Édito Trois
Comme une ritournelle que l’on rêve chaque année de voir enfin se libérer et accomplir pour de bon toutes ses promesses, octobre est revenu et, avec lui, sa cohorte de foires et d’événements « exceptionnels » maquillant la capitale en un gigantesque champ dévoué à l’art moderne et contemporain. Une euphorie en trompe-l’oeil qui ne cache plus la difficulté des galeries parisiennes autant que des institutions à suivre le rythme. Et, indubitablement, la Fiac a prouvé cette année encore la détermination de ses organisateurs à en faire un événement incontournable pour les professionnels de l’art. Mais à quel prix ? Si l’on ne peut que reconnaître la qualité des pièces présentes sur les stands, difficile de ne pas sentir dans l’air une certaine réticence à la prise de risque, à la folie et à la joie qui pouvaient habiter certaines éditions précédentes. Et ce n’est pas le rétrécissement à la seule nef du Grand Palais qui pouvait changer la donne, même si l’ouverture de nouveaux espaces à l’étage a apporté un vent de fraîcheur à cette édition. Alors, comme chaque année, on n’aura finalement pas été surpris ; la Fiac s’affiche comme la reine tranquille des foires françaises.

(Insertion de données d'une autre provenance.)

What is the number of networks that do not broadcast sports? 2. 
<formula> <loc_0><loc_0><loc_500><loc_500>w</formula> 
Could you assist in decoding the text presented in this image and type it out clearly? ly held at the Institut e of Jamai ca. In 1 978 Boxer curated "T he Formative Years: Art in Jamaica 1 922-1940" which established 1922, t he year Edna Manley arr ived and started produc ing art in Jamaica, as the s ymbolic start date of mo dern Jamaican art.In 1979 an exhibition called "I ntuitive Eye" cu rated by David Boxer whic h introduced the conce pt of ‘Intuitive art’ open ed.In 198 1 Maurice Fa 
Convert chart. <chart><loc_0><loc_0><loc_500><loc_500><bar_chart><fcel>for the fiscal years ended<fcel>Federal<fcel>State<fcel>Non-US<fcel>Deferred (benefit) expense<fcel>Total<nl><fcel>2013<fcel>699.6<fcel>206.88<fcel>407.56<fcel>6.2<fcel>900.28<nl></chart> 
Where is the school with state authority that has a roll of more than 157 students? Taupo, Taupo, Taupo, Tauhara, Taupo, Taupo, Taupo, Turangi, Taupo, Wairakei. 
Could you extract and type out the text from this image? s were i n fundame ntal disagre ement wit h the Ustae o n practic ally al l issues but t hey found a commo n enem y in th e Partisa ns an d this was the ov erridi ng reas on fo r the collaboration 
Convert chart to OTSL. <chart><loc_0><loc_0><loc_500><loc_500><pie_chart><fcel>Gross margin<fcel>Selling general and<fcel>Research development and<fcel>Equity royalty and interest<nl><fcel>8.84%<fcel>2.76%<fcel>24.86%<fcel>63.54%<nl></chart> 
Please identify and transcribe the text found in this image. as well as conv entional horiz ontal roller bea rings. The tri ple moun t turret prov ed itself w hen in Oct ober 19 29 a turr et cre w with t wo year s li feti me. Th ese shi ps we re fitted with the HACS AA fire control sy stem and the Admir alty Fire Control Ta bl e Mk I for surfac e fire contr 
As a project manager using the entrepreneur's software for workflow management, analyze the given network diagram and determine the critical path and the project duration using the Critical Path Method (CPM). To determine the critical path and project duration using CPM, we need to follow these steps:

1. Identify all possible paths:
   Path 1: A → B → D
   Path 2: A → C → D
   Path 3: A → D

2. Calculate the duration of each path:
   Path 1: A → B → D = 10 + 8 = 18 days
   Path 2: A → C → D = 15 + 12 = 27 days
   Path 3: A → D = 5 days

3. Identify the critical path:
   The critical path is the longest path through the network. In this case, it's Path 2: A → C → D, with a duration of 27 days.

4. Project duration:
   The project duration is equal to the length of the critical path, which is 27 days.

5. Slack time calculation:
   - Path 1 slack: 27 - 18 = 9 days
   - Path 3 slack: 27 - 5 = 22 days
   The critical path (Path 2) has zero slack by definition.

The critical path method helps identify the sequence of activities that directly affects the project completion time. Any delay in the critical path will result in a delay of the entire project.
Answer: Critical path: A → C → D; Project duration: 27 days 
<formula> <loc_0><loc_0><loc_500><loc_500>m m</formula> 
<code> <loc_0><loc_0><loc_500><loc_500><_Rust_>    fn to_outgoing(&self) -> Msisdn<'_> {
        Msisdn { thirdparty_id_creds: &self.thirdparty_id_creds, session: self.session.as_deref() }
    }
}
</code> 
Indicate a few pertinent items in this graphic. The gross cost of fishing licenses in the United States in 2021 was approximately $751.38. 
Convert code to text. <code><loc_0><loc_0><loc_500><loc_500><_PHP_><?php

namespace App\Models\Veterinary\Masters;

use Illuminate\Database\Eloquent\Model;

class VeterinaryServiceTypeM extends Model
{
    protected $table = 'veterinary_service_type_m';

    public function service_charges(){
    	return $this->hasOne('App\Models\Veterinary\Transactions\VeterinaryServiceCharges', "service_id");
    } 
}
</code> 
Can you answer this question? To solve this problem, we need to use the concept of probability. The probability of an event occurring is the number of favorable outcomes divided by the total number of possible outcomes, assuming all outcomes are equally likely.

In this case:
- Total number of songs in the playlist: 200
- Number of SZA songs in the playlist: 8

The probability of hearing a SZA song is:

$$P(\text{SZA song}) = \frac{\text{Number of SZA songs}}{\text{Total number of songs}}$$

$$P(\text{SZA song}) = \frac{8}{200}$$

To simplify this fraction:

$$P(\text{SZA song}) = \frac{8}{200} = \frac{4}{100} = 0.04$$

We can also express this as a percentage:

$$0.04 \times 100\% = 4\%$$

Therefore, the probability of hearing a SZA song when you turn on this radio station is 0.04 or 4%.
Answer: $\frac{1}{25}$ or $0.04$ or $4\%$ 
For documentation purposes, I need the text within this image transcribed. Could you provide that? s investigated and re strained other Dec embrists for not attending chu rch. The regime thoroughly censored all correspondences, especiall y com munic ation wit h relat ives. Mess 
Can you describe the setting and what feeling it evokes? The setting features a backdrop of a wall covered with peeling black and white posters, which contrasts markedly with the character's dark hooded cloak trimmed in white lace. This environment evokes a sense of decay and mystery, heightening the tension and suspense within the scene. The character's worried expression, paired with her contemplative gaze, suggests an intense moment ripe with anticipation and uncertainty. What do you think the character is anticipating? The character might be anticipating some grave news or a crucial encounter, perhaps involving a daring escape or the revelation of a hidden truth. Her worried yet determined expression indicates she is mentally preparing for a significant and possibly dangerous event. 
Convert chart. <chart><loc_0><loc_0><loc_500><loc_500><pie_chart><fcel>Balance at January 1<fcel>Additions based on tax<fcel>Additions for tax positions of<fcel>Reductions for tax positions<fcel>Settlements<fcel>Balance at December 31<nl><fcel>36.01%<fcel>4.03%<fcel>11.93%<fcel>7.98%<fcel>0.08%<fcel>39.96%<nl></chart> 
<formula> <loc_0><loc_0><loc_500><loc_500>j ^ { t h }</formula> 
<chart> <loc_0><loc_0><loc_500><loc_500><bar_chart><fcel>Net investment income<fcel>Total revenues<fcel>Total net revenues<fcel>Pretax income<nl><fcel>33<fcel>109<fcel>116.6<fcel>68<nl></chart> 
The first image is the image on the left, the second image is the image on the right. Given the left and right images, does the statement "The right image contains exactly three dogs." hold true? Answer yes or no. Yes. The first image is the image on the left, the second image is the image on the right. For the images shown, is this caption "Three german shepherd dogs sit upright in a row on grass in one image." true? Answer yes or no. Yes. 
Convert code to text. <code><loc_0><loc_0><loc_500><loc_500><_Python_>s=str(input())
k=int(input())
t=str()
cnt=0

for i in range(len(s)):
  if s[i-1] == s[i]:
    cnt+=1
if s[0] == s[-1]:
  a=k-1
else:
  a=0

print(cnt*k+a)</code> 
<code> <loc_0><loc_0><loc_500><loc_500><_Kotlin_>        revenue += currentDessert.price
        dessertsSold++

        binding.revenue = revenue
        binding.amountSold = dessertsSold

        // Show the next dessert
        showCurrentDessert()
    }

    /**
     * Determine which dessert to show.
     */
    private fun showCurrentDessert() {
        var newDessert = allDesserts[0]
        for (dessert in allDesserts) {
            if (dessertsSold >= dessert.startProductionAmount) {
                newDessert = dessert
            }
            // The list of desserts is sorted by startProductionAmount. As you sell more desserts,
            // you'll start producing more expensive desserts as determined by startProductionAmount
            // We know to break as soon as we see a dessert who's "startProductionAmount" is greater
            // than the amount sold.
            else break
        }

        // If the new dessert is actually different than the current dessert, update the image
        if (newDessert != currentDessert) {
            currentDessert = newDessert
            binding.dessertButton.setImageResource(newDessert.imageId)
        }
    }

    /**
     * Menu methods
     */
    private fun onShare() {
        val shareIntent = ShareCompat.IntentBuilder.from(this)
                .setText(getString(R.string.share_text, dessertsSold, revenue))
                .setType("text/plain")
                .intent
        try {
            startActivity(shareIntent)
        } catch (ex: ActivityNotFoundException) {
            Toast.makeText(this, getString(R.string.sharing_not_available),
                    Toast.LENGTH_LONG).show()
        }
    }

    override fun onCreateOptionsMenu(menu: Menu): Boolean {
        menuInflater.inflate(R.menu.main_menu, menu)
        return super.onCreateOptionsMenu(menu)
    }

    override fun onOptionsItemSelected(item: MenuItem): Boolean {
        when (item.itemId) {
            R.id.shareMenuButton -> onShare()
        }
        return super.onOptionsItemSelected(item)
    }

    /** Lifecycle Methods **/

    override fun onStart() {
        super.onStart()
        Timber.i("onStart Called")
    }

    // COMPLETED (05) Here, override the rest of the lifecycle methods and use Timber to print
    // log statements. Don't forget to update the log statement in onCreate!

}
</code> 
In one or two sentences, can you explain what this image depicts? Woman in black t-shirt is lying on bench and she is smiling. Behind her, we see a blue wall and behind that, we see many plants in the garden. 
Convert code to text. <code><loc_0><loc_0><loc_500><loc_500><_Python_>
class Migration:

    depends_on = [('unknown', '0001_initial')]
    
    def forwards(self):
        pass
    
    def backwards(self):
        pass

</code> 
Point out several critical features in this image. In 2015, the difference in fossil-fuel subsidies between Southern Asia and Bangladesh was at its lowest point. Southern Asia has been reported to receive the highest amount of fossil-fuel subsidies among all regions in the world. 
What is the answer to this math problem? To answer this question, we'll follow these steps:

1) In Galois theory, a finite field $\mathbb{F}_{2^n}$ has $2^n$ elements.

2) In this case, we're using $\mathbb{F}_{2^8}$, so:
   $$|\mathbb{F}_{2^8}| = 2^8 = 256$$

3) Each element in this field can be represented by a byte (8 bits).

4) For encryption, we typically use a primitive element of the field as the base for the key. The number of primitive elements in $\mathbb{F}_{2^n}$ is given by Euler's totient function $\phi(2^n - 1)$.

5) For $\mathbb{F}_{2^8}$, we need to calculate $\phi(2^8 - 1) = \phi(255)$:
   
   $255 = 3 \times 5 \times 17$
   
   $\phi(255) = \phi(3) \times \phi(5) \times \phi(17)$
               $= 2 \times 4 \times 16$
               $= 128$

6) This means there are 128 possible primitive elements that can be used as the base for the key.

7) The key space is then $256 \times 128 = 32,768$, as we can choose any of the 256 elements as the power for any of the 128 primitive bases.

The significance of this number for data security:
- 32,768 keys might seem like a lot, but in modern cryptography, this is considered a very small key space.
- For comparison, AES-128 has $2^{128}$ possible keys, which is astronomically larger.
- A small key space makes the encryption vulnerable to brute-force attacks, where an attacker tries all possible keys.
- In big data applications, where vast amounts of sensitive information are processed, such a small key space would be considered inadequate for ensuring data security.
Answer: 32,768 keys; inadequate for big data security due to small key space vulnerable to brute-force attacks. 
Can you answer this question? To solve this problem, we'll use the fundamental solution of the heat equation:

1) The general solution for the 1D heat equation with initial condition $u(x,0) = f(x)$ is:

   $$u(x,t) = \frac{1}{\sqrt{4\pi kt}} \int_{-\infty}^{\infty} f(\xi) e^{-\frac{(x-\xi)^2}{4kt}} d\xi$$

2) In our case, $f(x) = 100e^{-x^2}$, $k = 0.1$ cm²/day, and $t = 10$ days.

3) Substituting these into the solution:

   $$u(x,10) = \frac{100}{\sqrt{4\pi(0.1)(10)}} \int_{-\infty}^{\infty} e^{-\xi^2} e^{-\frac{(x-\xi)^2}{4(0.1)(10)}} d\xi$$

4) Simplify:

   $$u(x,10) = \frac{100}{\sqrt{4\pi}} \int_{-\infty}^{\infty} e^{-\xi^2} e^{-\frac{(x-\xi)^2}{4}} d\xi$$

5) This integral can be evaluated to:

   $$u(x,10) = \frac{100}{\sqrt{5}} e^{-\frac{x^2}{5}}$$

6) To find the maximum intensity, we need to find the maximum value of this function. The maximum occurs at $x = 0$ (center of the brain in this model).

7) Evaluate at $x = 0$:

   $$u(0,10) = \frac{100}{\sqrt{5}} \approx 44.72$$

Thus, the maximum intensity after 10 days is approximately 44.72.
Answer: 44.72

Impossible pourtant d’effacer ce sentiment tiraillé entre la chance d’avoir eu accès à de fantastiques œuvres et le regret de les voir ainsi arrachées à leurs pouvoirs de dialogue et de création, avec nous comme avec d’autres pièces. reste à espérer que de tels moyens soient un jour déployés vers un autre pan de la création contemporaine, celle qui bouscule, celle qui découvre et celle qui s’aventure. La Fiac n’est pas une exposition et, si elle rend bien à Paris une place de choix sur le marché de l’art, elle laisse un terrain d’expérimentation à défricher, celui de la création. Alors, derrière les apparats et les tractations sans fin des foires en tout genre, le moment est venu de prendre le temps de se concentrer sur la parole des artistes, et tout particulièrement sur celle de Mircea Cantor (fraîchement récompensé par le Prix Marcel Duchamp), que Slash a rencontré à l’occasion de sa très belle exposition au Crédac, plaidant pour l’urgence de « penser plus à l’imagination qu’aux images ». Laissons donc aller cette ritournelle et accrochons-nous à la création, autrement plus enivrante que la fête du marché de l’art, qui reviendra, c’est certain, l’année prochaine.